Full data sets including smoking outcome and two CO measurements measured 4–6 months apart are available for 31 participants (Table 1). This reflects the high numbers of patients offered only one clinic appointment or offered appointments with an interval greater than 4–6 months. All CYP with available CO data who reported cutting down or quitting smoking demonstrated a fall in exhaled CO into the “non-smoker” range, suggesting a reduction in their exposure to inhaled tobacco products.

Table 1 Mean carbon monoxide levels before and after smoking cessation advice was given, categorised by those CYP or parents who continued, cut-down, or quit smoking

There is, to our knowledge, no published evidence quantifying the success of smoking cessation interventions targeted at both CYP and their parents or guardians in paediatric respiratory clinics. The principal purpose of the smoking cessation promotion in our clinics is to start the journey of smoking cessation, review this repeatedly at every appointment and support smokers with the right tools and information needed to quit smoking.

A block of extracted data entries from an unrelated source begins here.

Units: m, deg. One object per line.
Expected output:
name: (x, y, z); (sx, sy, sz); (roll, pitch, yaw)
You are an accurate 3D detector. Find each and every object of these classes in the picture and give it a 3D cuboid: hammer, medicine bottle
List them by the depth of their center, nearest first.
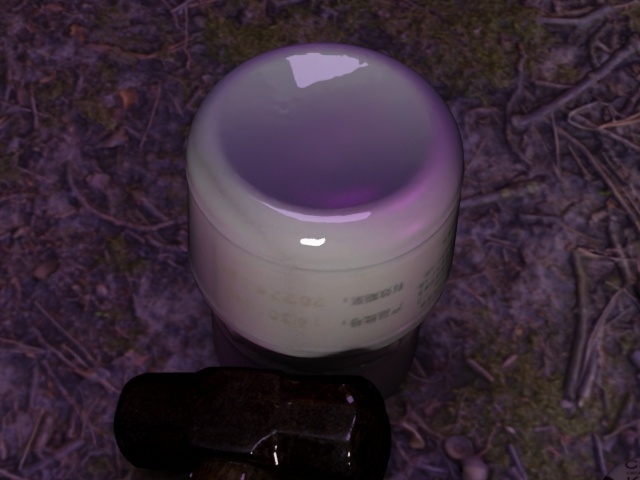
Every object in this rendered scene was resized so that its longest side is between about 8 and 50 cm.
hammer: (-0.110, 0.287, 1.596); (0.242, 0.095, 0.409); (4, 56, 27)
medicine bottle: (0.000, 0.000, 1.719); (0.241, 0.302, 0.241); (1, 51, -2)

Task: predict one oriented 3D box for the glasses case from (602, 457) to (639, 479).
glasses case: (0.283, 0.337, 1.595); (0.137, 0.085, 0.355); (10, 52, 5)
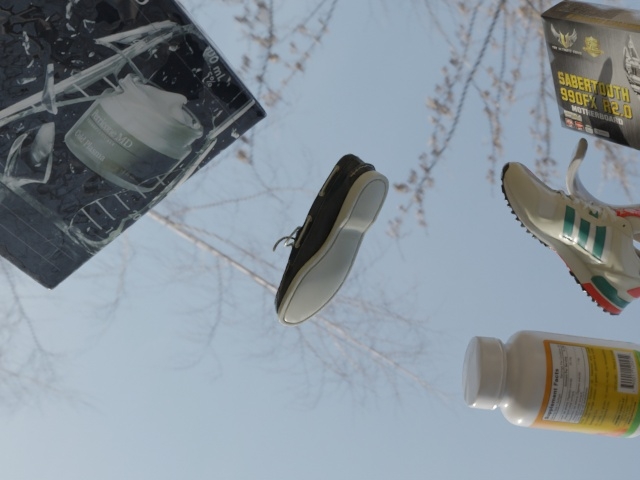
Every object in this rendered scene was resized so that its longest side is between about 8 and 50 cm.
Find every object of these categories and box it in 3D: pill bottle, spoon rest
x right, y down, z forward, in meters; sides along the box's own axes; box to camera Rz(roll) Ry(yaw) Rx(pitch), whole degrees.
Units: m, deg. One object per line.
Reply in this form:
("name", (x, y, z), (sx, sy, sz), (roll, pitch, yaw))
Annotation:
("pill bottle", (0.333, 0.200, 1.305), (0.136, 0.246, 0.136), (-173, -90, -84))
("spoon rest", (0.463, -0.039, 1.296), (0.137, 0.276, 0.084), (-57, 178, -47))

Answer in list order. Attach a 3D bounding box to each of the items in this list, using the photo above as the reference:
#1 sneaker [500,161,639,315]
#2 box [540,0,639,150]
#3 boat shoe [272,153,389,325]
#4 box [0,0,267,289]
("sneaker", (0.218, -0.016, 0.749), (0.075, 0.161, 0.057), (-39, -171, 26))
("box", (0.407, -0.213, 1.217), (0.056, 0.183, 0.231), (-35, -144, -19))
("boat shoe", (0.000, 0.000, 1.269), (0.079, 0.095, 0.254), (41, -66, 37))
("box", (-0.430, -0.260, 1.432), (0.472, 0.480, 0.297), (-40, -136, 3))
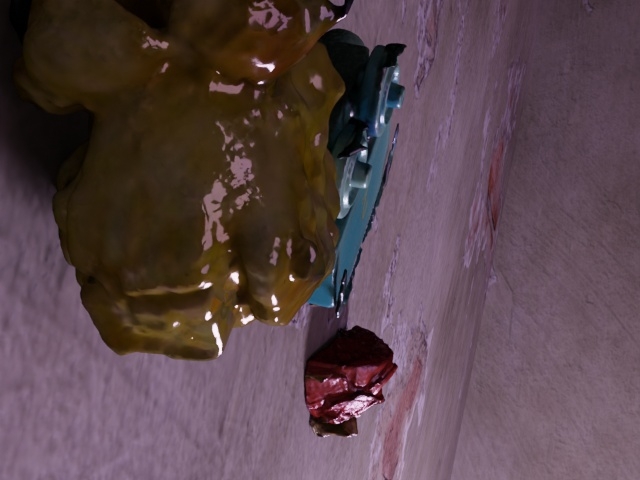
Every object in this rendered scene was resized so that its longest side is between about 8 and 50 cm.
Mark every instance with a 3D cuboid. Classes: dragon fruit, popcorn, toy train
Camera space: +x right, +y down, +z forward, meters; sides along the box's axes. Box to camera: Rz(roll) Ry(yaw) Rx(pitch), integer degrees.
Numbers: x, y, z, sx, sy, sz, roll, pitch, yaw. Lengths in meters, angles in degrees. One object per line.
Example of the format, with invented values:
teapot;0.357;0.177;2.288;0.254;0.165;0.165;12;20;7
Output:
dragon fruit;0.039;0.165;1.000;0.162;0.083;0.106;-30;130;-72
popcorn;-0.052;-0.049;0.436;0.168;0.173;0.195;-35;129;-50
toy train;-0.007;-0.057;0.668;0.163;0.112;0.203;90;18;-49

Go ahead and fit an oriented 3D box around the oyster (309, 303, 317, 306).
oyster;0.004;0.003;0.836;0.148;0.051;0.103;96;20;-50
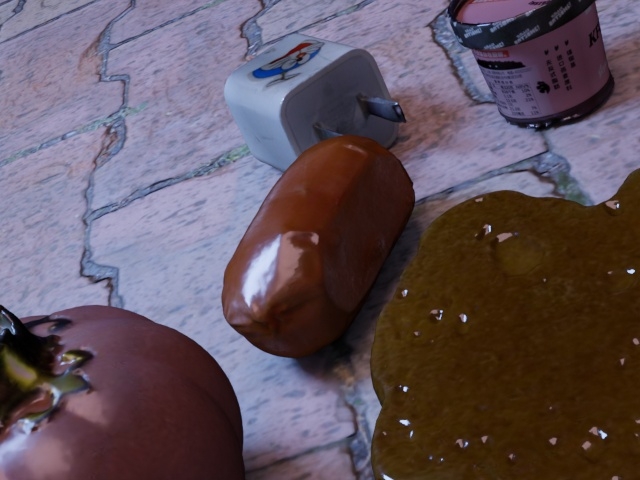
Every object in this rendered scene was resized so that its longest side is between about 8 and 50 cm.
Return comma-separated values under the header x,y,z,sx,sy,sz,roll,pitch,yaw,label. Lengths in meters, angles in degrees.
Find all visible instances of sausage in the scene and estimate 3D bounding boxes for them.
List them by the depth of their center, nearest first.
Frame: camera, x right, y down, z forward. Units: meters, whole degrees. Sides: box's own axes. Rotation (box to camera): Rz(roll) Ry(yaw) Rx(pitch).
x,y,z,sx,sy,sz,roll,pitch,yaw,label
-0.002,0.001,1.072,0.133,0.133,0.258,-4,40,33,sausage

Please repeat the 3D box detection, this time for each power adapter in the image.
x,y,z,sx,sy,sz,roll,pitch,yaw,label
0.008,-0.135,1.272,0.130,0.125,0.205,-36,31,-19,power adapter

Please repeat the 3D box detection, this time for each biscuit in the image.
x,y,z,sx,sy,sz,roll,pitch,yaw,label
0.186,0.066,0.878,0.359,0.074,0.381,-25,28,-2,biscuit

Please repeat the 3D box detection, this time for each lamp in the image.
x,y,z,sx,sy,sz,roll,pitch,yaw,label
-0.206,0.163,0.853,0.305,0.239,0.305,-20,31,12,lamp

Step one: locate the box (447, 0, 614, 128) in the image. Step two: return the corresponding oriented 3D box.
x,y,z,sx,sy,sz,roll,pitch,yaw,label
0.220,-0.198,1.204,0.151,0.135,0.151,-19,27,10,box
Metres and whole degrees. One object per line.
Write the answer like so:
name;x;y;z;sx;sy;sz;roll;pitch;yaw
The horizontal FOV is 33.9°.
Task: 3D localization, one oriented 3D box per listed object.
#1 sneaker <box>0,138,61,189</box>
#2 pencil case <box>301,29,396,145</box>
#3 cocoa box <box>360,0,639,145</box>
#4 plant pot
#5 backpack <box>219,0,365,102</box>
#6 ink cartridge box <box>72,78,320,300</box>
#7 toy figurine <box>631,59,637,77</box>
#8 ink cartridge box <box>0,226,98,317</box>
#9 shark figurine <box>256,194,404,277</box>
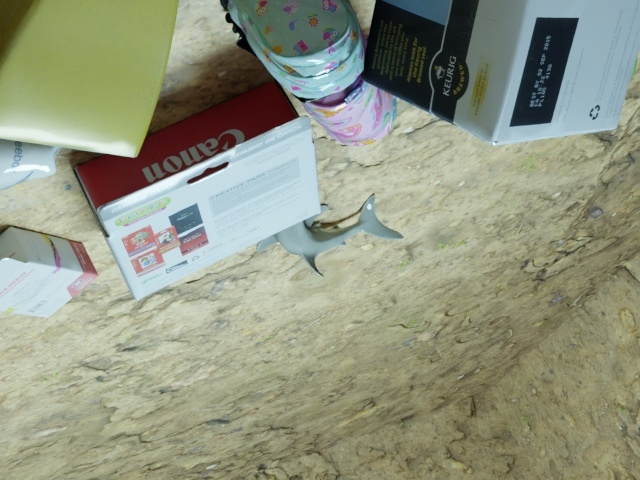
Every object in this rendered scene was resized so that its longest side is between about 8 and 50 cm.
sneaker;-0.362;-0.089;1.074;0.129;0.297;0.111;8;96;-34
pencil case;0.033;-0.205;1.400;0.124;0.124;0.284;-32;169;5
cocoa box;0.224;-0.312;1.177;0.231;0.228;0.347;-9;120;-39
plant pot;-0.259;-0.226;0.999;0.212;0.212;0.187;4;126;-53
backpack;-0.027;-0.251;1.221;0.152;0.182;0.115;-31;157;4
ink cartridge box;-0.166;-0.085;1.464;0.309;0.130;0.272;-26;155;-11
toy figurine;0.411;-0.306;1.763;0.159;0.130;0.173;8;163;-36
ink cartridge box;-0.428;0.045;1.500;0.115;0.067;0.198;-37;158;16
shark figurine;0.006;0.010;1.887;0.278;0.116;0.166;0;145;-46

Smoking cessation interventions (consisting of CO monitoring and motivational interviewing) have led to smoking reduction and smoking cessation by CYP and parents attending our tertiary paediatric respiratory clinics. The smoking cessation review that now forms part of our respiratory clinics acts to inform and advise CYP and their parents regarding smoking cessation and has helped some of our patients and their parents start their smoking cessation journeys.

Our audit of smoking cessation outcomes following routine introduction of smoking cessation activities within our paediatric respiratory clinics has demonstrated that smoking cessation can be effective in this environment and at modest financial and logistical costs to the department. Formal screening questions on smoking, and the provision of smoking cessation advice, should form a regular part of all respiratory clinics where CYP and their parents are seen. This will allow all paediatric respiratory teams to directly contribute to wider public health targets, such as the Department of Health’s efforts to drive smoking prevalence in England below 5%.